Near Half Moon is the Ironshore Golf and Country Club. Ironshore is an attempt at a golf-course-driven housing and commercial development. Plenty of large homes dot the north side of the course, projecting a certain standard of luxury that the golf course itself fails to achieve. The fairways are a bit scraggly, the greens slow and bumpy. The upside of Ironshore is that it does not get much play. If you are looking for a quick round of golf, this could be the place. Be prepared to walk, since the course has few carts. In all, be prepared to play a course with a more than adequate layout but one that needs an infusion of cash and enthusiasm.
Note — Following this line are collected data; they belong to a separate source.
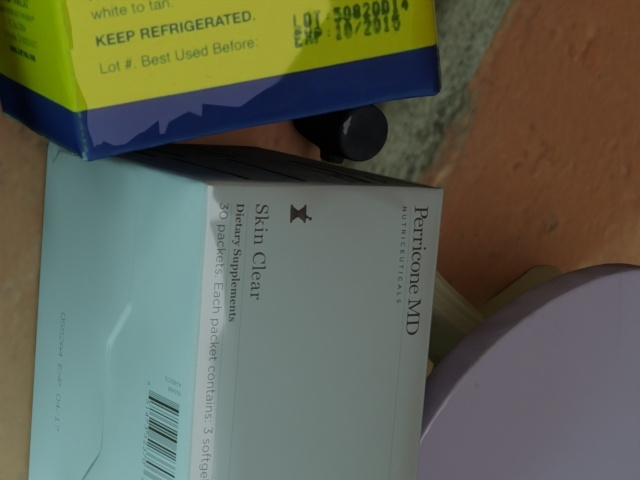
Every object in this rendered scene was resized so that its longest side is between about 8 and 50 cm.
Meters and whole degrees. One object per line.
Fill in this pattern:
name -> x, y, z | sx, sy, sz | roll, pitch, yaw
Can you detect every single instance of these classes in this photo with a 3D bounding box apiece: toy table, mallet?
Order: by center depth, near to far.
mallet -> 0.000, 0.000, 1.074 | 0.039, 0.062, 0.190 | 6, 96, -34
toy table -> 0.101, 0.104, 1.094 | 0.274, 0.161, 0.252 | -22, 111, -30

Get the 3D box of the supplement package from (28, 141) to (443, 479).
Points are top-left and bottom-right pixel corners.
supplement package -> -0.055, 0.084, 0.971 | 0.145, 0.204, 0.262 | -1, 99, -32

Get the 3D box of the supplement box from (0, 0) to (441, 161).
supplement box -> -0.079, -0.242, 0.888 | 0.194, 0.195, 0.356 | -12, 106, -20
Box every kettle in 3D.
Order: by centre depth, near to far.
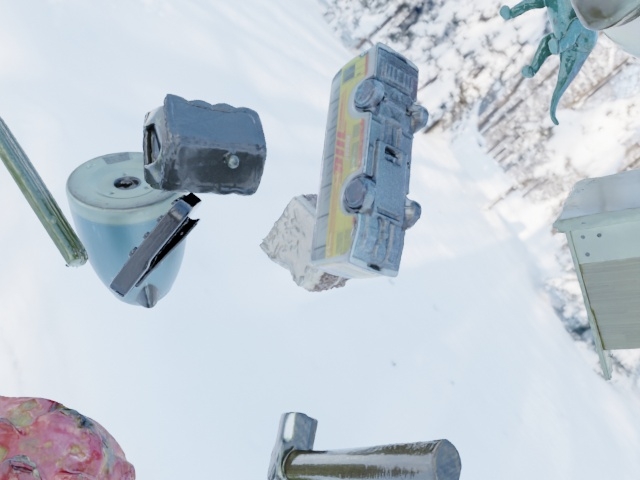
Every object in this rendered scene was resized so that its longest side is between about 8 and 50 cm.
[{"bbox_3d":[-0.435,-0.020,1.442,0.247,0.342,0.319,-11,40,-19],"label":"kettle"}]

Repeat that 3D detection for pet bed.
[{"bbox_3d":[-0.224,-0.175,1.190,0.211,0.183,0.159,3,-3,-32],"label":"pet bed"}]

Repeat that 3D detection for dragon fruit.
[{"bbox_3d":[-0.536,0.478,1.079,0.249,0.387,0.370,-91,176,-72],"label":"dragon fruit"}]

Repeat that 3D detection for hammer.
[{"bbox_3d":[0.022,0.204,0.565,0.044,0.365,0.111,18,66,-15],"label":"hammer"}]

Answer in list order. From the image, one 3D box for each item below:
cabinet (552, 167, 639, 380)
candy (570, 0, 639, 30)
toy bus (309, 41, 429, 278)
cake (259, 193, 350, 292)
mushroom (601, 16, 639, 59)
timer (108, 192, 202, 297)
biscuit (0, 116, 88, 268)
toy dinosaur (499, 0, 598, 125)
[{"bbox_3d":[0.604,0.046,1.059,0.227,0.290,0.317,-39,112,-52],"label":"cabinet"},{"bbox_3d":[0.394,-0.345,0.704,0.104,0.234,0.102,-28,83,-34],"label":"candy"},{"bbox_3d":[0.054,-0.089,0.719,0.092,0.106,0.268,19,69,-37],"label":"toy bus"},{"bbox_3d":[0.000,0.000,1.042,0.135,0.134,0.147,46,19,24],"label":"cake"},{"bbox_3d":[0.519,-0.434,0.868,0.315,0.315,0.355,20,75,-57],"label":"mushroom"},{"bbox_3d":[-0.269,0.007,1.038,0.055,0.187,0.144,39,7,-8],"label":"timer"},{"bbox_3d":[-0.490,-0.094,1.045,0.322,0.038,0.099,58,-11,1],"label":"biscuit"},{"bbox_3d":[0.540,-0.456,1.231,0.129,0.331,0.383,3,-68,70],"label":"toy dinosaur"}]
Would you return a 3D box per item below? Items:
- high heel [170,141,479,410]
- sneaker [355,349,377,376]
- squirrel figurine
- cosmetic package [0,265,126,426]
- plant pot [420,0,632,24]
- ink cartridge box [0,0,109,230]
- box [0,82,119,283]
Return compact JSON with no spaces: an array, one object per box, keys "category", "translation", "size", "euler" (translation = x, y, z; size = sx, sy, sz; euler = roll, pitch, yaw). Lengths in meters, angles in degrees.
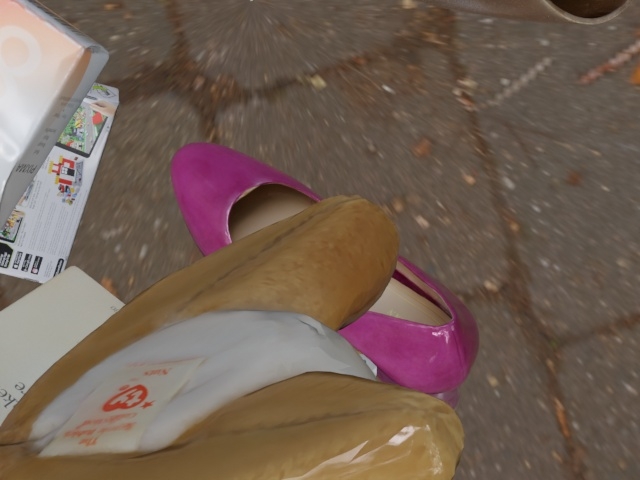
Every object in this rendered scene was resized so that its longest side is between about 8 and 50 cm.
[{"category":"high heel","translation":[0.000,0.000,1.715],"size":[0.377,0.181,0.127],"euler":[38,68,19]},{"category":"sneaker","translation":[-0.004,0.254,1.897],"size":[0.131,0.112,0.296],"euler":[37,93,18]},{"category":"squirrel figurine","translation":[-0.045,0.241,0.889],"size":[0.397,0.281,0.370],"euler":[-25,111,-3]},{"category":"cosmetic package","translation":[-0.274,0.165,1.666],"size":[0.160,0.309,0.113],"euler":[36,131,15]},{"category":"plant pot","translation":[0.143,-0.289,1.691],"size":[0.215,0.230,0.215],"euler":[2,87,-45]},{"category":"ink cartridge box","translation":[-0.217,-0.064,0.986],"size":[0.145,0.045,0.179],"euler":[34,95,12]},{"category":"box","translation":[-0.274,-0.062,1.798],"size":[0.114,0.036,0.207],"euler":[15,115,-15]}]
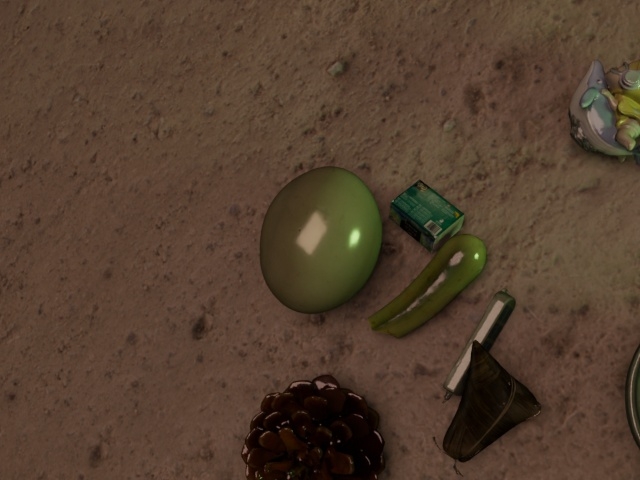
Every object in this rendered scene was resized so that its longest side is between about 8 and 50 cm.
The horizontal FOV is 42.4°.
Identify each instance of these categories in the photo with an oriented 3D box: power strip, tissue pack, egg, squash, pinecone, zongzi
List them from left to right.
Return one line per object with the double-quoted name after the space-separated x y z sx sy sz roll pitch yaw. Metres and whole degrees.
-0.013 0.368 1.401 0.264 0.264 0.264 -4 77 20 "pinecone"
0.000 0.000 1.485 0.219 0.219 0.269 26 89 23 "egg"
0.191 -0.038 1.504 0.085 0.079 0.111 -38 65 -25 "tissue pack"
0.196 0.086 1.473 0.250 0.083 0.083 -44 67 10 "squash"
0.241 0.272 1.366 0.187 0.184 0.084 -42 25 10 "zongzi"
0.271 0.185 1.419 0.029 0.080 0.226 30 91 24 "power strip"

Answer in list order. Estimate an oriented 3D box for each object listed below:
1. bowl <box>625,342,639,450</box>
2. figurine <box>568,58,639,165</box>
0.603 0.237 1.222 0.307 0.163 0.307 -1 81 9 "bowl"
0.511 -0.216 1.394 0.184 0.128 0.208 -30 78 10 "figurine"
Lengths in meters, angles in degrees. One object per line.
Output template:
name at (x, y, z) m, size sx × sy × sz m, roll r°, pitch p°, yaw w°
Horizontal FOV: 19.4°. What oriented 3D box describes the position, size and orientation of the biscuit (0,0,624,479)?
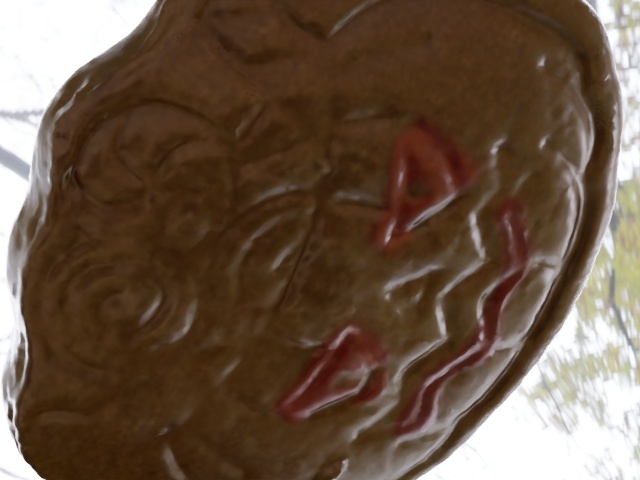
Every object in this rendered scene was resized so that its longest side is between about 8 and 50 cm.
biscuit at (0.001, 0.001, 0.780) m, size 0.049 × 0.257 × 0.273 m, roll 53°, pitch -52°, yaw 55°
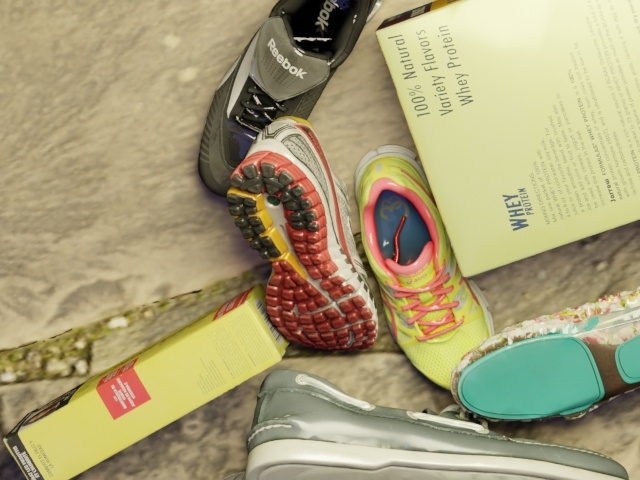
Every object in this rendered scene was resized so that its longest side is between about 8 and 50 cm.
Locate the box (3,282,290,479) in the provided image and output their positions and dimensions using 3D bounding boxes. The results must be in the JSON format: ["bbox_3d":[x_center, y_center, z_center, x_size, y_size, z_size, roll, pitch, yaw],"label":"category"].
[{"bbox_3d":[-0.138,0.120,1.590,0.232,0.087,0.058,-29,96,11],"label":"box"}]

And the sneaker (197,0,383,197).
[{"bbox_3d":[-0.029,-0.133,1.523,0.078,0.106,0.234,35,101,0],"label":"sneaker"}]

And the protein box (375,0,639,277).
[{"bbox_3d":[0.171,-0.106,1.493,0.201,0.136,0.200,-19,98,8],"label":"protein box"}]

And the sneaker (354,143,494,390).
[{"bbox_3d":[0.076,0.031,1.548,0.081,0.094,0.208,-24,98,8],"label":"sneaker"}]

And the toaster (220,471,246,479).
[{"bbox_3d":[-0.017,0.282,1.585,0.227,0.129,0.146,16,99,2],"label":"toaster"}]

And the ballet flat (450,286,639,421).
[{"bbox_3d":[0.218,0.083,1.550,0.241,0.077,0.091,-14,110,3],"label":"ballet flat"}]

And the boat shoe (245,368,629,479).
[{"bbox_3d":[0.098,0.162,1.557,0.319,0.099,0.116,7,145,-12],"label":"boat shoe"}]

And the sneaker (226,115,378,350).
[{"bbox_3d":[0.000,0.000,1.531,0.088,0.093,0.225,1,134,20],"label":"sneaker"}]
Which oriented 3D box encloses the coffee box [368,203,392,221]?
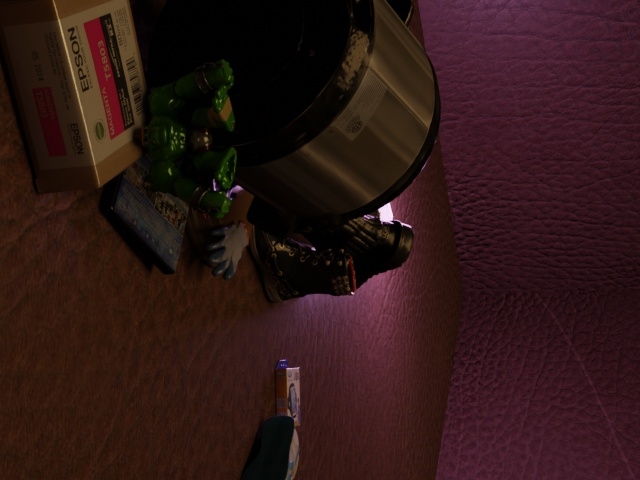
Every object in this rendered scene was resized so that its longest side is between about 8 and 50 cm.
[{"bbox_3d":[0.050,-0.135,2.237,0.118,0.168,0.297,-73,153,-50],"label":"coffee box"}]

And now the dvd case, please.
[{"bbox_3d":[-0.244,-0.101,1.469,0.180,0.022,0.253,54,36,-50],"label":"dvd case"}]

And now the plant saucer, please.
[{"bbox_3d":[-0.171,-0.091,1.712,0.278,0.041,0.277,-4,90,-73],"label":"plant saucer"}]

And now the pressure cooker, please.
[{"bbox_3d":[-0.017,-0.219,1.527,0.420,0.370,0.375,31,40,-58],"label":"pressure cooker"}]

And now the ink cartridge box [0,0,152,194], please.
[{"bbox_3d":[-0.296,-0.198,1.229,0.193,0.088,0.234,-60,144,-63],"label":"ink cartridge box"}]

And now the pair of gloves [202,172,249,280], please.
[{"bbox_3d":[-0.161,-0.040,1.628,0.159,0.023,0.198,-57,139,-64],"label":"pair of gloves"}]

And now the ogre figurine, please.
[{"bbox_3d":[-0.171,-0.130,1.288,0.097,0.118,0.197,-45,132,-64],"label":"ogre figurine"}]

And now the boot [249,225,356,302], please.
[{"bbox_3d":[-0.035,0.021,1.900,0.085,0.179,0.236,-73,155,-49],"label":"boot"}]

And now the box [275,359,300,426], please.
[{"bbox_3d":[-0.066,0.311,2.010,0.081,0.028,0.136,17,73,-72],"label":"box"}]

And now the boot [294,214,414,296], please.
[{"bbox_3d":[0.001,-0.004,2.081,0.260,0.348,0.131,20,61,-26],"label":"boot"}]

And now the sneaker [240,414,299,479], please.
[{"bbox_3d":[-0.084,0.430,1.826,0.228,0.088,0.092,-66,150,-53],"label":"sneaker"}]
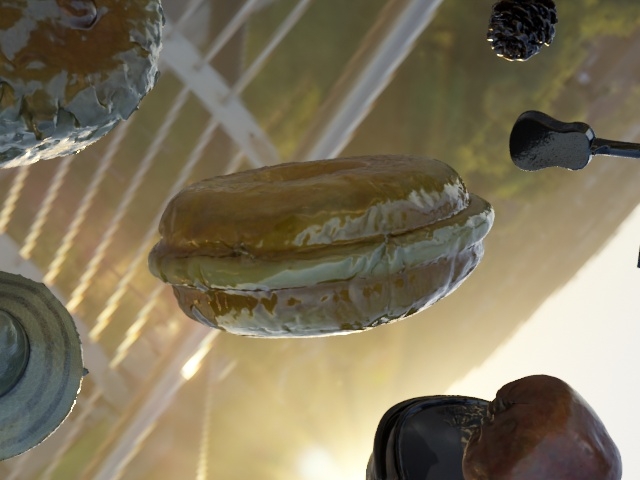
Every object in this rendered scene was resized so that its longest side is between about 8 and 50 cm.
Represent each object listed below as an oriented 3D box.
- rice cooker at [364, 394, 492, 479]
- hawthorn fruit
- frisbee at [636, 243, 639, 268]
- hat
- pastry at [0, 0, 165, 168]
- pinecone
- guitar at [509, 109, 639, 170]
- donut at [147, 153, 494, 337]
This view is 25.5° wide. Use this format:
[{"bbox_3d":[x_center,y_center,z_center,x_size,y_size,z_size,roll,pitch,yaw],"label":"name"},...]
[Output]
[{"bbox_3d":[0.191,0.368,2.135,0.267,0.267,0.224,-45,163,-29],"label":"rice cooker"},{"bbox_3d":[0.212,0.221,1.321,0.149,0.189,0.149,-29,171,-5],"label":"hawthorn fruit"},{"bbox_3d":[0.417,-0.048,1.788,0.211,0.012,0.187,79,25,-64],"label":"frisbee"},{"bbox_3d":[-0.408,0.132,1.673,0.252,0.252,0.110,-46,163,-16],"label":"hat"},{"bbox_3d":[-0.294,-0.213,1.351,0.136,0.329,0.329,-36,-176,43],"label":"pastry"},{"bbox_3d":[0.209,-0.228,1.482,0.083,0.077,0.077,-37,169,-32],"label":"pinecone"},{"bbox_3d":[0.402,-0.129,2.001,0.038,0.271,0.084,-52,145,-58],"label":"guitar"},{"bbox_3d":[0.000,0.000,1.818,0.449,0.198,0.449,-9,-170,2],"label":"donut"}]
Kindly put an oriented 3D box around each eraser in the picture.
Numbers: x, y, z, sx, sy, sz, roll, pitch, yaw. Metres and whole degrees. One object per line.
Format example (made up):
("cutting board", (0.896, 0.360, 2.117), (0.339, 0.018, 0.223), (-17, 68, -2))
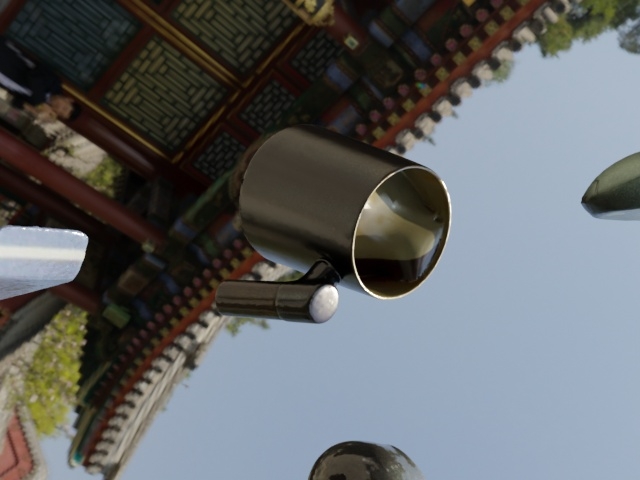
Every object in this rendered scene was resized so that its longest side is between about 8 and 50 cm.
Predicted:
("eraser", (-0.287, 0.029, 0.570), (0.225, 0.082, 0.036), (-13, -101, 32))

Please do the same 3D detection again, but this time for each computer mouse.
("computer mouse", (0.373, -0.059, 0.700), (0.113, 0.228, 0.068), (103, -14, -84))

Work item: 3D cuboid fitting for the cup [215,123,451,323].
("cup", (0.012, 0.003, 0.761), (0.177, 0.166, 0.239), (24, -96, 46))

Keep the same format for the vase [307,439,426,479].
("vase", (0.006, 0.247, 0.587), (0.183, 0.120, 0.120), (-27, -164, -28))
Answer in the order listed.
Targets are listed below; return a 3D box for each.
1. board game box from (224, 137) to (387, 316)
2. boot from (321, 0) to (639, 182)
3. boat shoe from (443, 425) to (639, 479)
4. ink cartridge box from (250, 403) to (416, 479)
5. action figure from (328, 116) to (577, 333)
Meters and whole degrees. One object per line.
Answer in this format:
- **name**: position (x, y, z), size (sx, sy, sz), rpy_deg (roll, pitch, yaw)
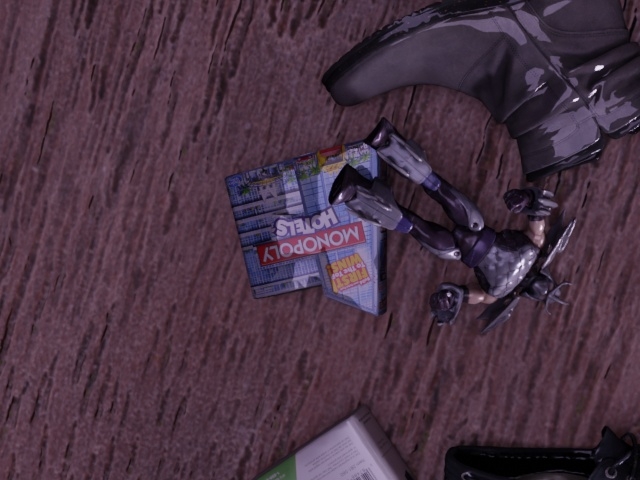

Cash and enthusiasm have definitely found their way into the three other clubs of the north coast. The Wyndham Rose Hall Golf and Beach Resort course, the Breezes Golf and Beach Resort course and the Sandals Golf and Country Club have each benefited from corporate cash flow, and each course is seeing an upswing in play.

The Rose Hall course, like Tryall, runs from the Caribbean into the hills. The 18th hole is among the toughest finishers anywhere, demanding a long drive followed by a long approach over a gorge to the green. Overlooking the 14th hole is a large villa that Johnny Cash owns.

You should play Rose Hall just to play the eighth hole. It's a dogleg of only 322 yards from the back tees, with the Caribbean lapping vigorously at the rocks along the left side of the fairway. It's a classic cape hole, with the green stuck out on the peninsula (which happens to be the northern tip of Jamaica). The hole plays into the prevailing wind and would be a testy little devil even without the steel tower that sits 50 yards short and to the right of the green.

Ah, yes, the tower. It's a navigational beacon, an elfin Eiffel Tower that keeps ships from imperiling themselves while imperiling the approach shots of land-locked golfers. Because the wind blows from the golfer's right on the approach (the Caribbean being to the left of the green), it's necessary to increase your margin of safety by aiming to the right of the green and letting the wind redirect the ball to the left. If your drive is too far to the right of the fairway, the tower becomes a formidable obstacle. In high winds, it's possible to hit the ball to the right of the tower and let it drift back to the left. At other times it's possible to hit over it. In any event, it may be the first time you ever thought of yourself as playing golf in an Erector Set.

The Breezes Golf and Beach Resort Course is also known as the SuperClubs Golf Club Runaway Bay. Longtime tourists and locals know it simply at Runaway Bay. Seymour Rose, the three-time Jamaican Open champion, is the superintendent of greens here. Runaway Bay is fairly wide open, but not without a subtle sense of style. From the forward tees it's the ideal course for getting rusty tourists around. From the back tees it gains teeth from its length, with several par 4s longer than 450 yards.

The biggest surprise among the north coast courses is the Sandals Golf and Country Club. Once the Upton Country Club, it had fallen into disrepair. Only two years ago, crabgrass was everywhere but on the greens, where there wasn't much grass of any kind. But with an infusion of Sandals money, the crabgrass blight has been furiously fought and it appears as if the grounds crew has won the battle.

The course is located in a mountain valley above teeming Ocho Rios. The old brick clubhouse is the most elegant of all of Jamaica's clubhouses, with a genuine air of country club about it. But when you stand on the practice tee, you know there's something different about this country club.

There, at precisely 135 yards, is the figure of Jamaican reggae icon Bob Marley carved from an old tree trunk. The giant head could be the most unusual practice target in the game. Another sculptured tree trunk resembling a birdbath adorns the fourth tee. It gives a distinct Jamaican flavor to the course. And speaking of flavors, there are enough fruit trees on the course--mangos, guava, grapefruit--that you could skip breakfast at the hotel and eat on the fly.